■ **YOUR TASK**
Please transcribe exactly, and only, the lines of the data below between the line holding "Assume a horizontal" and the line holding "And every frisbee?", inclusive.

■ **DATA EXTRACT**
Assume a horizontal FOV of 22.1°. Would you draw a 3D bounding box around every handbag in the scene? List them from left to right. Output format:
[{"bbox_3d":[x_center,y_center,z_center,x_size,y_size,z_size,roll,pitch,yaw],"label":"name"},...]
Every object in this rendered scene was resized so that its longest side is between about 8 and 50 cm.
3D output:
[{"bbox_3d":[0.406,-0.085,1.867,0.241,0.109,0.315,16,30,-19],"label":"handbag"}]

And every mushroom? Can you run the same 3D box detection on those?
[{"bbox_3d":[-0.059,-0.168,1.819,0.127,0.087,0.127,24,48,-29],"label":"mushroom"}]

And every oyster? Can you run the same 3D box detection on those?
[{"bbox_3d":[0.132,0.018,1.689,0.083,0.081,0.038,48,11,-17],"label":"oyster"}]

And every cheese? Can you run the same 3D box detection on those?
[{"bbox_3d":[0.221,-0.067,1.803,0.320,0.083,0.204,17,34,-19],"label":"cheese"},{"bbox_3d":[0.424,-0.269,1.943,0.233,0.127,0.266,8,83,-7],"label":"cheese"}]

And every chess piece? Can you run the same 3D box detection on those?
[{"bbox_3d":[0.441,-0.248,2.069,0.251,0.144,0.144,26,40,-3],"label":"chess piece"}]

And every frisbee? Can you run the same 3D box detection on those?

* * *

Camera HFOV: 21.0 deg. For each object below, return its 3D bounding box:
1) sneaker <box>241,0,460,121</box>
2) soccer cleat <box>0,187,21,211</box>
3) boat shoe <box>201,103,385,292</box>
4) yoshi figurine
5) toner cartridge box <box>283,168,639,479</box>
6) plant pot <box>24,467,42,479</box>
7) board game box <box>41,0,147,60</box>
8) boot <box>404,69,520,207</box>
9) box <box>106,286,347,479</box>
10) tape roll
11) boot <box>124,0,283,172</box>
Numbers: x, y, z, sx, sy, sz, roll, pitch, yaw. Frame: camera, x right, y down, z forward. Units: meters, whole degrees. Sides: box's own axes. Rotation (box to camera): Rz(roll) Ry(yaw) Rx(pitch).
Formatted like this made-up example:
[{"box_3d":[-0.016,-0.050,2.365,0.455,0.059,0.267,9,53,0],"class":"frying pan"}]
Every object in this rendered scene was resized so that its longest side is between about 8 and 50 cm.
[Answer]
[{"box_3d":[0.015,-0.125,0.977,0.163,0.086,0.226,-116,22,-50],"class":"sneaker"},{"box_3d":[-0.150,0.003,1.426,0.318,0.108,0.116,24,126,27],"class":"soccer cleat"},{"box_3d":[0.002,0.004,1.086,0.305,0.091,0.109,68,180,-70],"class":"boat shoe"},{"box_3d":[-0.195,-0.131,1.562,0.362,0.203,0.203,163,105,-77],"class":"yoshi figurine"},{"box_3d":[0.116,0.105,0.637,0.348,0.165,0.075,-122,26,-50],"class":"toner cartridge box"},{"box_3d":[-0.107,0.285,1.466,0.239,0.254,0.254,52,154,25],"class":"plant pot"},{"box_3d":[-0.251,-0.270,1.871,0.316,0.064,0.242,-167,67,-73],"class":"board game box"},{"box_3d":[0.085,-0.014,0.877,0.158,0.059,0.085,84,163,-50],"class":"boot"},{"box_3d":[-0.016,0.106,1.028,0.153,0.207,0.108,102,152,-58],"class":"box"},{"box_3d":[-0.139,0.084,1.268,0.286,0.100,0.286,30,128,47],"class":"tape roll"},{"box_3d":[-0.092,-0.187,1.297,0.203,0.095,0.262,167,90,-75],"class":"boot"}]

* * *

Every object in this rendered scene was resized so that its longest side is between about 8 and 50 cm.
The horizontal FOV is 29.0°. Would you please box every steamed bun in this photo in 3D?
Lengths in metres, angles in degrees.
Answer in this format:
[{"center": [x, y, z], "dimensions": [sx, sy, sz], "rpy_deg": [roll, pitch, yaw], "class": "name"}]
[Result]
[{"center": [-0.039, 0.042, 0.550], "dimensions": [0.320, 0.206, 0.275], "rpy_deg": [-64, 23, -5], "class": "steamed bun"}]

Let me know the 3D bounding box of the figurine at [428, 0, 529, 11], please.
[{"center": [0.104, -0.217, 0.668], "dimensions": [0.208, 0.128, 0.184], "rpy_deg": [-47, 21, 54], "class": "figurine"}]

■ **ANSWER AREA**
Assume a horizontal FOV of 22.1°. Would you draw a 3D bounding box around every handbag in the scene? List them from left to right. Output format:
[{"bbox_3d":[x_center,y_center,z_center,x_size,y_size,z_size,roll,pitch,yaw],"label":"name"},...]
Every object in this rendered scene was resized so that its longest side is between about 8 and 50 cm.
3D output:
[{"bbox_3d":[0.406,-0.085,1.867,0.241,0.109,0.315,16,30,-19],"label":"handbag"}]

And every mushroom? Can you run the same 3D box detection on those?
[{"bbox_3d":[-0.059,-0.168,1.819,0.127,0.087,0.127,24,48,-29],"label":"mushroom"}]

And every oyster? Can you run the same 3D box detection on those?
[{"bbox_3d":[0.132,0.018,1.689,0.083,0.081,0.038,48,11,-17],"label":"oyster"}]

And every cheese? Can you run the same 3D box detection on those?
[{"bbox_3d":[0.221,-0.067,1.803,0.320,0.083,0.204,17,34,-19],"label":"cheese"},{"bbox_3d":[0.424,-0.269,1.943,0.233,0.127,0.266,8,83,-7],"label":"cheese"}]

And every chess piece? Can you run the same 3D box detection on those?
[{"bbox_3d":[0.441,-0.248,2.069,0.251,0.144,0.144,26,40,-3],"label":"chess piece"}]

And every frisbee? Can you run the same 3D box detection on those?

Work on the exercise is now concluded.